* [TASK]:
The data below should be copied out exactly, with its pictures omitted.

[Extracted data entries]

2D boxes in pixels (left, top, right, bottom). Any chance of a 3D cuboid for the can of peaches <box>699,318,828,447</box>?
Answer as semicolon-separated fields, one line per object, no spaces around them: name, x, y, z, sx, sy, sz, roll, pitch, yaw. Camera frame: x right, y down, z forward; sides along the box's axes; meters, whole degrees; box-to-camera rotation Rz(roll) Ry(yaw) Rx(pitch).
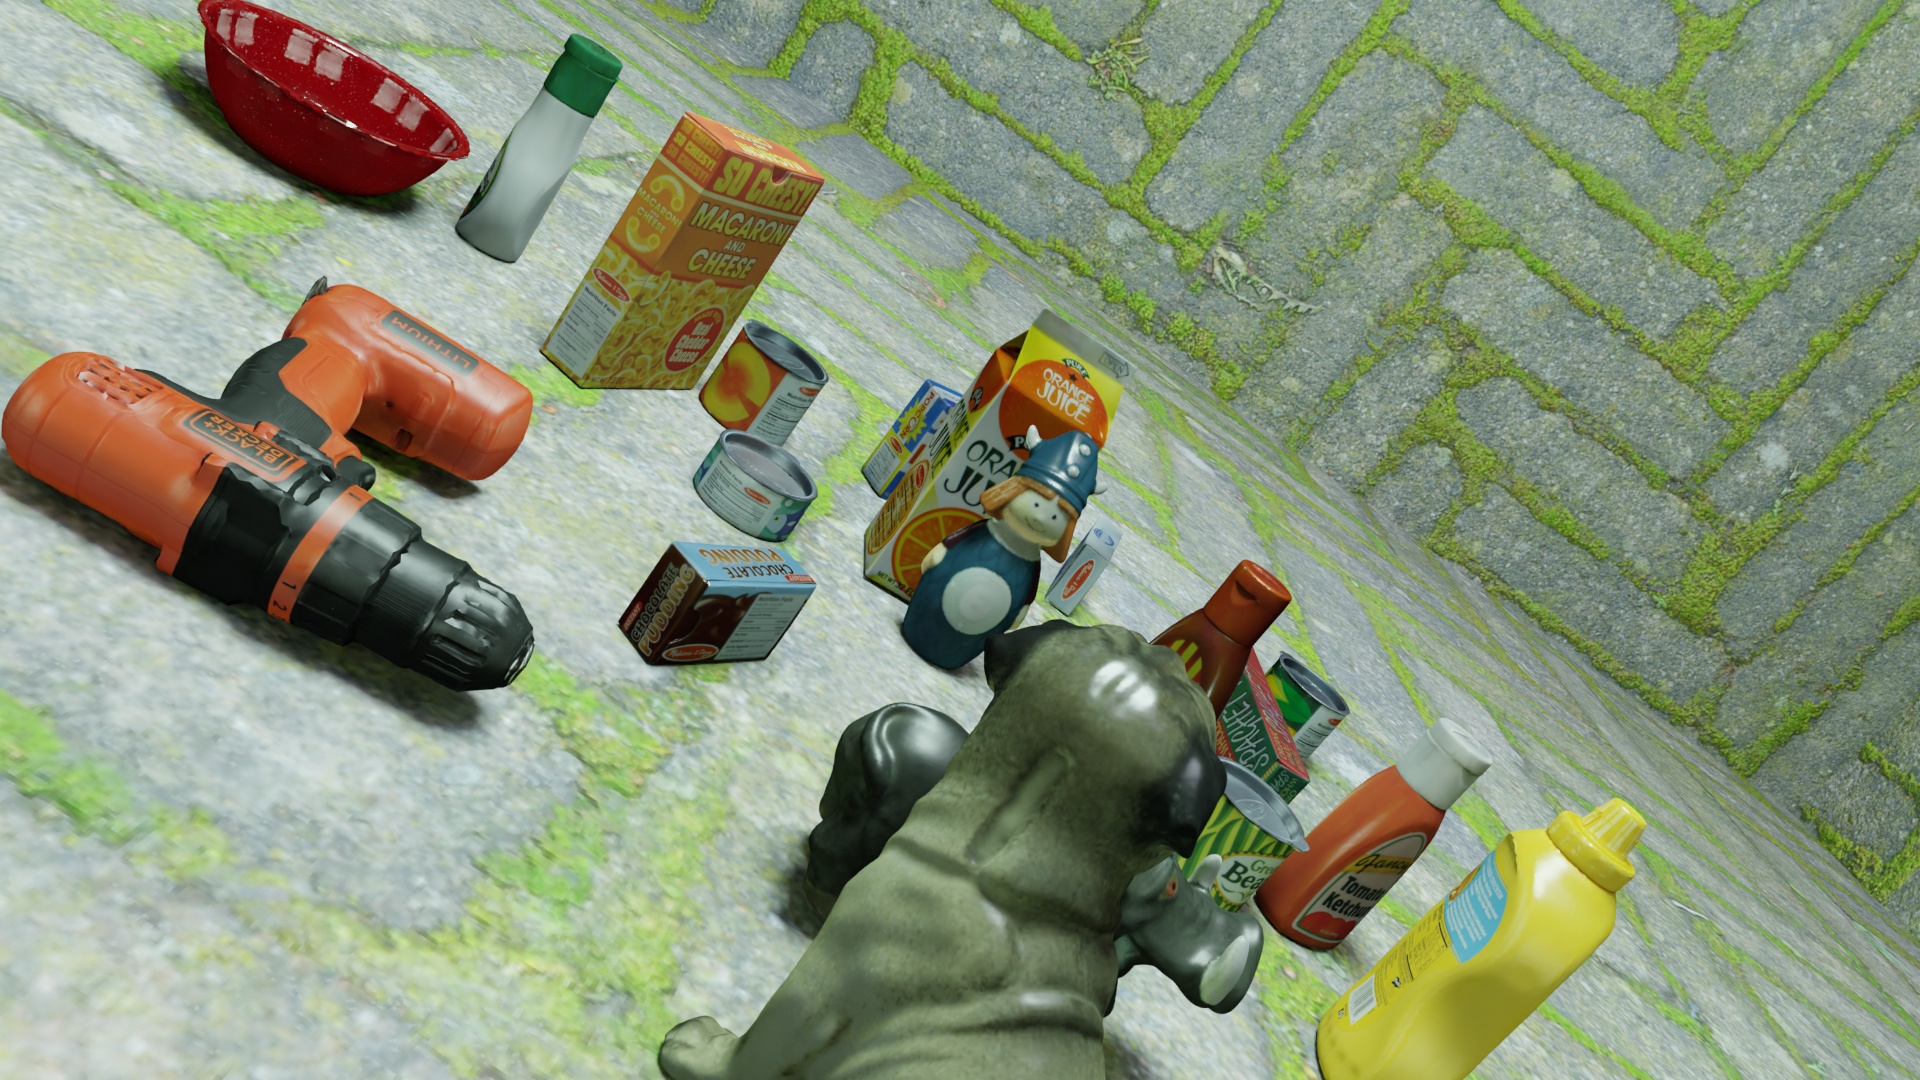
can of peaches;-0.132;-0.104;0.921;0.071;0.058;0.071;33;18;-12

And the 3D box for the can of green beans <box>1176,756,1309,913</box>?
can of green beans;0.146;0.163;0.770;0.071;0.057;0.071;33;18;-12

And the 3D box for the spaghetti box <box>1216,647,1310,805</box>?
spaghetti box;0.198;0.120;0.995;0.028;0.050;0.251;33;18;-11

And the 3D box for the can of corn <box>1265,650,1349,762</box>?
can of corn;0.249;0.128;1.056;0.071;0.058;0.071;33;18;-12

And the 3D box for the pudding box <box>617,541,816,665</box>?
pudding box;-0.109;0.029;0.638;0.030;0.049;0.084;45;19;24

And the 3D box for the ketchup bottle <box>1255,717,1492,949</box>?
ketchup bottle;0.235;0.165;0.785;0.064;0.148;0.044;25;21;-34

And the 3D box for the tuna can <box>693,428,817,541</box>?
tuna can;-0.118;-0.033;0.807;0.071;0.032;0.071;33;18;-12

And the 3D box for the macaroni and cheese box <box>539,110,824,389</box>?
macaroni and cheese box;-0.164;-0.168;0.843;0.040;0.166;0.124;41;17;12

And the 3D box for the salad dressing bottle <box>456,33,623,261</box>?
salad dressing bottle;-0.268;-0.250;0.887;0.044;0.147;0.064;31;18;-20

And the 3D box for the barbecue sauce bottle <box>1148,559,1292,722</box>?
barbecue sauce bottle;0.133;0.078;0.812;0.065;0.148;0.044;47;19;30

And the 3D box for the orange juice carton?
orange juice carton;0.023;-0.047;0.847;0.072;0.192;0.073;32;18;-17

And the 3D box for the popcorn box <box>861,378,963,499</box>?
popcorn box;0.002;-0.057;1.012;0.126;0.085;0.038;20;24;-43

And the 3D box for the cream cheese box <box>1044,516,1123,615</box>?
cream cheese box;0.094;0.018;1.050;0.024;0.053;0.104;38;17;2

* [RESULT OF THIS TASK]:
2D boxes in pixels (left, top, right, bottom). Any chance of a 3D cuboid for the can of peaches <box>699,318,828,447</box>?
Answer as semicolon-separated fields, one line per object, no spaces around them: name, x, y, z, sx, sy, sz, roll, pitch, yaw. Camera frame: x right, y down, z forward; sides along the box's axes; meters, whole degrees; box-to-camera rotation Rz(roll) Ry(yaw) Rx(pitch).
can of peaches;-0.132;-0.104;0.921;0.071;0.058;0.071;33;18;-12

And the 3D box for the can of green beans <box>1176,756,1309,913</box>?
can of green beans;0.146;0.163;0.770;0.071;0.057;0.071;33;18;-12

And the 3D box for the spaghetti box <box>1216,647,1310,805</box>?
spaghetti box;0.198;0.120;0.995;0.028;0.050;0.251;33;18;-11

And the 3D box for the can of corn <box>1265,650,1349,762</box>?
can of corn;0.249;0.128;1.056;0.071;0.058;0.071;33;18;-12

And the 3D box for the pudding box <box>617,541,816,665</box>?
pudding box;-0.109;0.029;0.638;0.030;0.049;0.084;45;19;24

And the 3D box for the ketchup bottle <box>1255,717,1492,949</box>?
ketchup bottle;0.235;0.165;0.785;0.064;0.148;0.044;25;21;-34

And the 3D box for the tuna can <box>693,428,817,541</box>?
tuna can;-0.118;-0.033;0.807;0.071;0.032;0.071;33;18;-12

And the 3D box for the macaroni and cheese box <box>539,110,824,389</box>?
macaroni and cheese box;-0.164;-0.168;0.843;0.040;0.166;0.124;41;17;12

And the 3D box for the salad dressing bottle <box>456,33,623,261</box>?
salad dressing bottle;-0.268;-0.250;0.887;0.044;0.147;0.064;31;18;-20

And the 3D box for the barbecue sauce bottle <box>1148,559,1292,722</box>?
barbecue sauce bottle;0.133;0.078;0.812;0.065;0.148;0.044;47;19;30

And the 3D box for the orange juice carton?
orange juice carton;0.023;-0.047;0.847;0.072;0.192;0.073;32;18;-17

And the 3D box for the popcorn box <box>861,378,963,499</box>?
popcorn box;0.002;-0.057;1.012;0.126;0.085;0.038;20;24;-43

And the 3D box for the cream cheese box <box>1044,516,1123,615</box>?
cream cheese box;0.094;0.018;1.050;0.024;0.053;0.104;38;17;2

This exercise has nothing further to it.